Some Girls Do is a sapphic YA romance by author Jennifer Dugan, published in 2021 by Putnam. Billed as “lesbian athlete meets bi beauty queen”, the novel is an opposites-attract romance between two high school seniors: Morgan, who was forced to transfer due to her queerness, and Ruby, who’s trying to live a double life to make her mother happy. The two girls meet when Morgan runs out in front of Ruby’s car — and while no one is hurt in the near-miss, neither girl’s life is ever the same again.

Told in alternating points of view, Dugan’s novel explores themes such as queer rights, homophobia, isolation, and learning to be yourself. Morgan is an out-and-proud lesbian; she wears sapphic t-shirts and dyes her pixie cut pink to be more visually queer. Though she’s comfortable with her own identity, befriending Ruby helps her understand that different people come from different backgrounds, some of which are less supportive than Morgan’s, in which coming out is downright unsafe. As Ruby opens up to her, Morgan learns that there’s no one right way to be queer.

As for Ruby, she learns from Morgan that queerness doesn’t have to be hidden. Not everyone is as close-minded as Ruby’s mother, who has made it clear that same-sex attraction is unacceptable. As Ruby learns that resources and other ways of living exist, her world expands: no longer is she forced to live a double life, half for her mother, competing in beauty pageants, and half for herself, as a queer woman who loves her car. Meeting Morgan helps Ruby take control of her life and break out of the cage in which she thought she had to live.

As might be expected from two seniors coming from polar opposite backgrounds, Ruby and Morgan don’t always get along. Their attraction is magnetic, but they rarely find themselves in sync, and it takes time and practice for them to communicate in a healthy way. They often misstep thanks to partial information, bad communication, poor word choices, and bad timing—but Dugan’s novel offers hope, too: Morgan and Ruby keep showing up for each other.
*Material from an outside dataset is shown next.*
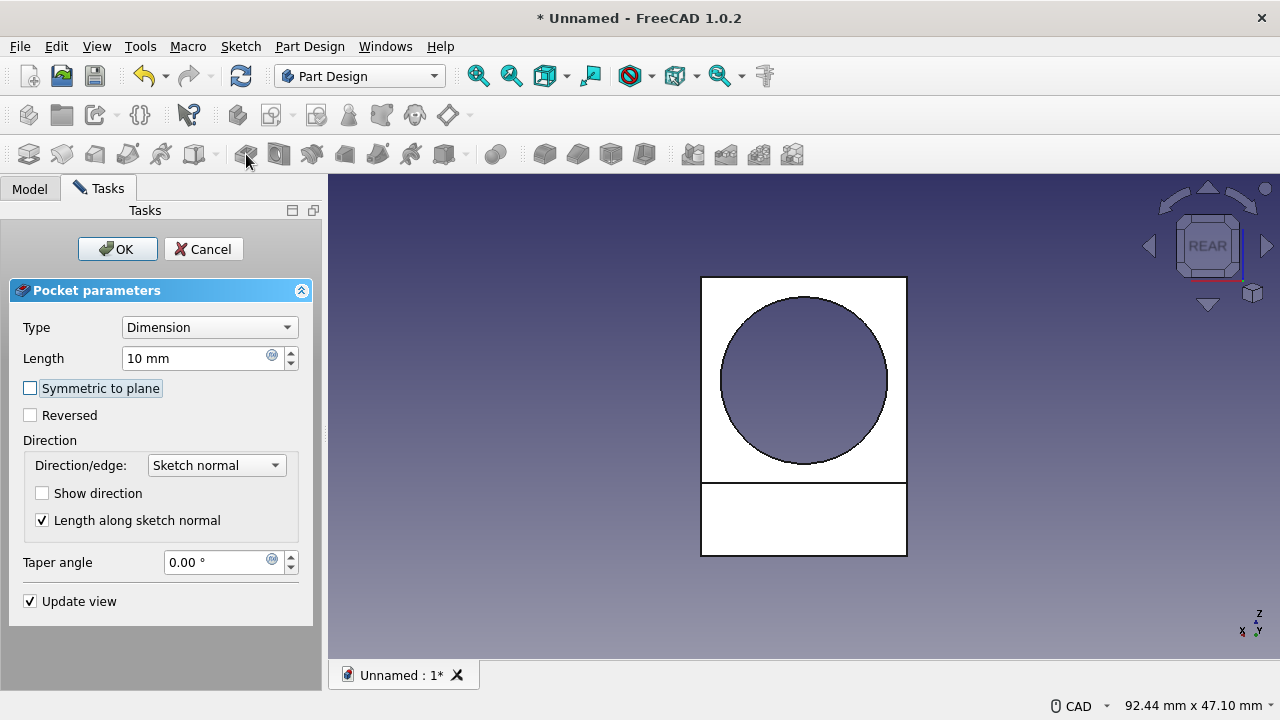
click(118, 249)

They apologize. They work through their issues—and often come out stronger on the other side because of it.

Though the book jacket casually labels Ruby as bisexual, Ruby herself is less sure about that label—and about all labels in general, from girlfriend to bi to pan. (“The label thing still freaks me out,” she tells Morgan towards the end of the novel, about labeling her own sexuality.) It might be more accurate to say instead that Ruby is exploring bisexuality as a possibility — she’s slept with men, including lacrosse captain Tyler, because she finds it to be great stress relief, and she’s undeniably interested in Morgan — but she’s only just began her journey into understanding her sexuality, after years of repression and hiding. She tells her ex-stepfather Billy, with whom she’s close: “I might be bi or something,” and it’s one of her most honest and vulnerable lines in the book.